INTRODUCTION: Immunocompromised (IC) adults are at increased risk of developing herpes zoster (HZ) and HZ-related complications due to therapy or underlying disease. This study evaluated the cost effectiveness of recombinant zoster vaccine (RZV) versus no vaccine for the prevention of HZ in hematopoietic stem cell transplant (HSCT) recipients and other IC adults aged ≥ 18 years in the United States (US).

METHODS: A static Markov model simulated cohorts of IC individuals using a 1-year cycle length and 30-year time horizon to estimate the cost effectiveness of RZV. Inputs were sourced from clinical trial results and publicly available sources/literature. Modeled populations included US adult HSCT recipients (base case), patients with human immunodeficiency virus (HIV), patients with breast cancer, patients with Hodgkin's lymphoma, and renal transplant recipients. The model reported societal costs, quality-adjusted life-years (QALYs), and incremental cost-effectiveness ratios (ICERs). Sensitivity and threshold analyses were conducted.

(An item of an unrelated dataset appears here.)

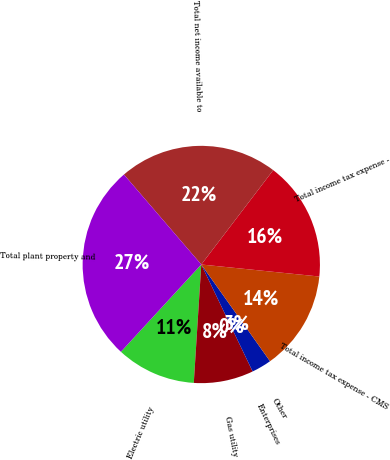Convert chart. <chart><loc_0><loc_0><loc_500><loc_500><pie_chart><fcel>Electric utility<fcel>Gas utility<fcel>Enterprises<fcel>Other<fcel>Total income tax expense - CMS<fcel>Total income tax expense -<fcel>Total net income available to<fcel>Total plant property and<nl><fcel>10.84%<fcel>8.13%<fcel>0.0%<fcel>2.71%<fcel>13.55%<fcel>16.25%<fcel>21.67%<fcel>26.85%<nl></chart> 
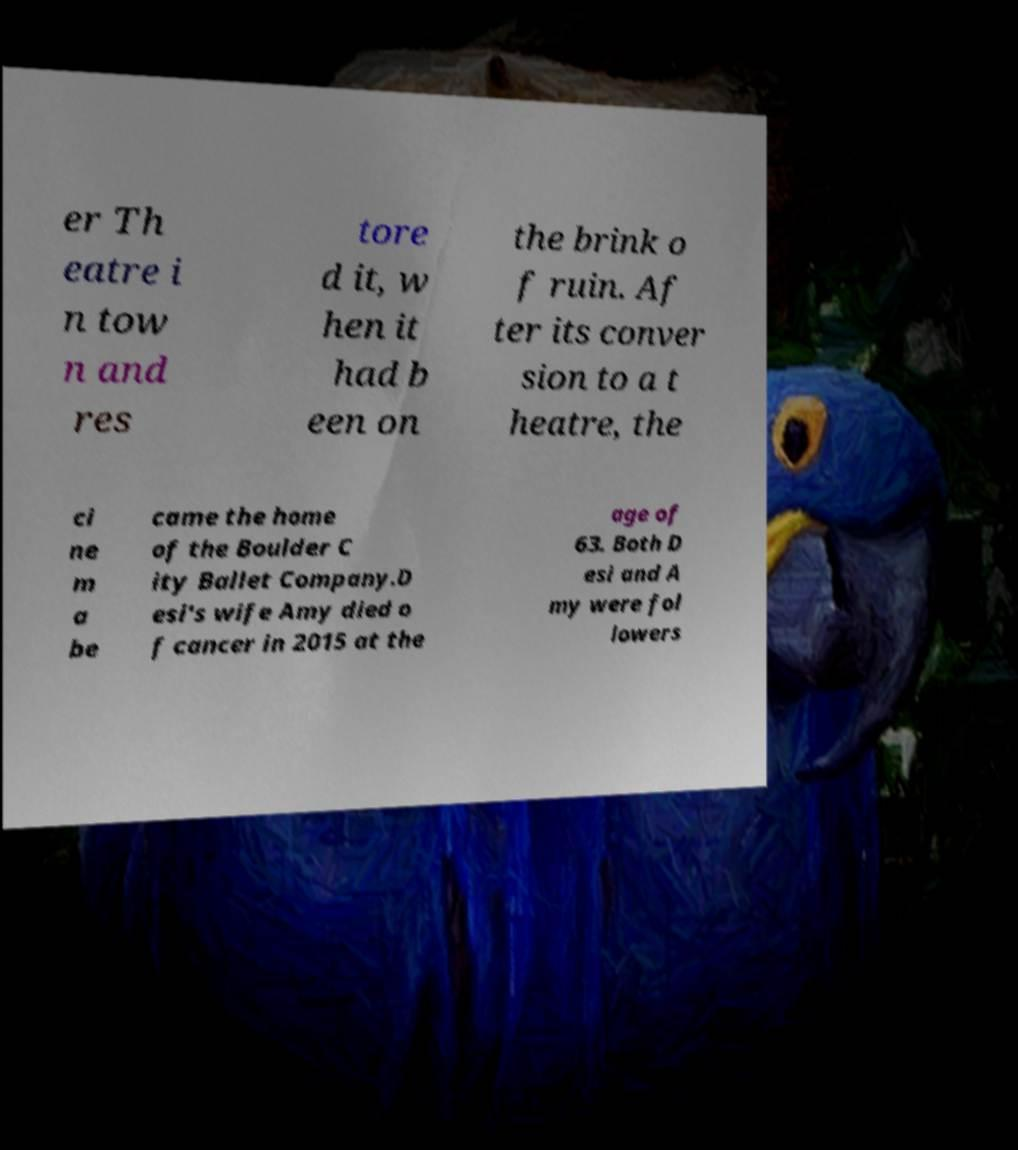There's text embedded in this image that I need extracted. Can you transcribe it verbatim? er Th eatre i n tow n and res tore d it, w hen it had b een on the brink o f ruin. Af ter its conver sion to a t heatre, the ci ne m a be came the home of the Boulder C ity Ballet Company.D esi's wife Amy died o f cancer in 2015 at the age of 63. Both D esi and A my were fol lowers

RESULTS: In the base case of 19,671 US adult HSCT recipients, RZV resulted in total societal cost savings of US$0.1 million and 109 incremental QALYs versus no vaccine. RZV was a 'dominant strategy' versus no vaccine because vaccination resulted in cost savings with QALY gains. RZV was also cost saving in renal transplant recipients, and cost effective at a willingness-to-pay threshold of US$100,000 per QALY gained in patients with HIV, breast cancer, and Hodgkin's lymphoma, with ICERs of US$33,268, US$67,682, and US$95,972 per QALY gained, respectively, versus no vaccine.

CONCLUSIONS: Model results show RZV is potentially cost saving for the prevention of HZ in US adult HSCT recipients and US adults with selected immunocompromising conditions, and cost effective for others, supporting the use of RZV to prevent HZ and HZ-related complications in IC adults.